Some scientists estimate that by 2050 two-thirds of the world's population will live in cities, so they are looking, along with some technology companies, for producing renewable energy coming from the urban furniture that surrounds us. Is it realistic?
Taking into account new materials, inventions and devices that are being developed, no one can say that this is an unreachable goal.
Another very different thing is if feasible from an economic point of view and if it is really an alternative for existing energy producers.
1. Energy cement
Cement mixtures made with wastes from power plants could serve to build, for example, buildings that serve as batteries.
This concrete compound of potasiogeopolimétrico (KGP) is cheaper than ordinary cement and can store electricity.
According to the researchers, a bright six meters high, built with KGP and equipped with a small solar panel, could contain enough energy to feed all night.
"We have shown that KGP cement mixes can be used to store and release electricity without the need to add anything that is costly or dangerous," says Lancaster University professor Mohamed Saafi, who leads the survey.
Buildings with KGP could be used in cities to meet their electrical requirements.
2. Windows from solar panels
New materials also help make solar panels cheaper and more profitable.
Solar energy is the most common source of renewable energy in cities because the cost has fallen from US $ 4 per watt that cost a decade ago to US $ 0.50 worth now.
In the United Kingdom, for example, more than one in three companies are already producing part of their electricity, mainly using roof-mounted solar panels.
But building silicon-based solar panels is a big energy bill because it requires temperatures above 1400ºC or higher and the silicon must be 99.9999% pure.
Now materials such as perovskite have been created that can make the panels much thinner, cheaper and operate at much lower temperatures, says Nitin Padture, a professor of engineering at Brown University in the United States.
Being partially transparent, could also be used for windows.
The downside is that most of them contain lead, a very toxic metal, but a choice suggested by Professor Padture and his team is replace the cable with titanium.
"Titanium is fairly common, but no one ever thought of using it to replace the lead in the perovskite solar panels," he says.
"We do not want to replace the existing silicon technology, but to improve it".
3. Urban wind turbines
When we talk about the wind, the other most common source of renewable energy, conventional turbines do not work well in areas with many buildings, because wind directions vary greatly.
But researchers Nicolas Orellana and Yaseen Noorani have created one global wind turbine to end the problem. The O-Wind Turbo, which won the James Dyson 2018 in the UK, is a global device that turns when the wind hits him from any direction.

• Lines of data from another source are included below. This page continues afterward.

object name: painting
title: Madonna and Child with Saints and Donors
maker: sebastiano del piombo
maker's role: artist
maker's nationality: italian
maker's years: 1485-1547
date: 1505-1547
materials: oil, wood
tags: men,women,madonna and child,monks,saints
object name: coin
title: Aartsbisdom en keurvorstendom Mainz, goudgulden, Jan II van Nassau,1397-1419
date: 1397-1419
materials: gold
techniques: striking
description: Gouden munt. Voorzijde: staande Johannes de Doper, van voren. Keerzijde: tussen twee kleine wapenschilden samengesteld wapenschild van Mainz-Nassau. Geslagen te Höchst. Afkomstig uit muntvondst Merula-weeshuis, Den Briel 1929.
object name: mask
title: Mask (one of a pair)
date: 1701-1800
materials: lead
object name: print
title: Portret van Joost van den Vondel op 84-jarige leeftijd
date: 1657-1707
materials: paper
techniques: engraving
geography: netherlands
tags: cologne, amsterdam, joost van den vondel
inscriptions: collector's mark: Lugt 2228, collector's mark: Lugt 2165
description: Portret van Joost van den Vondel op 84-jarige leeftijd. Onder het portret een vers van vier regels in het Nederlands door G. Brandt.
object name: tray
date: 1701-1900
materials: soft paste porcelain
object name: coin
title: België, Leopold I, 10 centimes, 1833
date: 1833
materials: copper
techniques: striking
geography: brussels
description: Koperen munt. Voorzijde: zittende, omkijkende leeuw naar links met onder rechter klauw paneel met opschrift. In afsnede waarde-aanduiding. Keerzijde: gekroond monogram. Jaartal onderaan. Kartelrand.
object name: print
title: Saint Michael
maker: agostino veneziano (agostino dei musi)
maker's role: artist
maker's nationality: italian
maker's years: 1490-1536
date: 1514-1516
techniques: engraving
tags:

Another solution is provided by the Turkish company Devici Tech. This is the use wind generators vertical along the roads they can use the energy produced by cars when they are in circulation.
The company claims that the Enlil turbines, already tested in Istanbul, can meet the energy needs of up to two homes and also integrate solar panels and seismic sensors.
But there are some inventions that, despite their work, have proven to be no profitable at all.
4. Photovoltaic roads
In France, for example, Colas was a pioneer in the construction of photovoltaic roads. It has been installed extensively across the country as well as in some areas of Japan and the United States.
The first construction took place on a 1-mile monolithic route in Normandy, in the north-east of the country.
There are doubts as to whether, in the case of photovoltaic roads, solar panels are really useful because, when in a horizontal position instead of being inclined towards the sun, they can do not receive so many sun rays. In addition, motion, snow or mud can block them.
In 2014, a small bicycle strip of 70 meters was built in Amsterdam for $ 3 million. It produced 3,000 kilowatts per hour (kWh) of electricity in the first year, but for this money, 65 million kWh of electricity could be purchased on the open market.
5. Action for movement
Another technology that seeks to justify itself in commerce is piezoelectric. It is a type of energy that when compressing certain materials such as quartz, it flows through them.
Therefore, cars and lorries traveling on special road surfaces equipped with piezoelectric devices could produce energy. Pedestrians could do this on special pavements.
In 2009, Isowian company Innowattech experimented with streets that capture energy, and now an American company, Pyro-E, wants to test similar technology on a small section of road in Fresno, California.
But although these works are technically viable, they are today costly.
Some estimate that in the United States one kilometer of two-way street would require 13,000 piezoelectric devices to add US $ 400,000 to construction costs.
Even without considering construction or installation costs, it will take about 12 years to recover this amount.
The UK company Pavegen has been developed electrified pavements which can produce two to four pairs of energy with each step given over them.
Its footpaths, which cost about US $ 2,700 per square meter, have been installed in 200 locations around the world.
The number can be quite high, but also expensive solar collectors when they first entered the market.
"We believe that people, not just technology, will be the ones who will improve our cities," says Laurence Kemball-Cook, founder and CEO of Pavegen.
The idea, they hope, is that people can help build sustainable cities with renewable energy.
The technology is, it is now cheaper to reduce costs.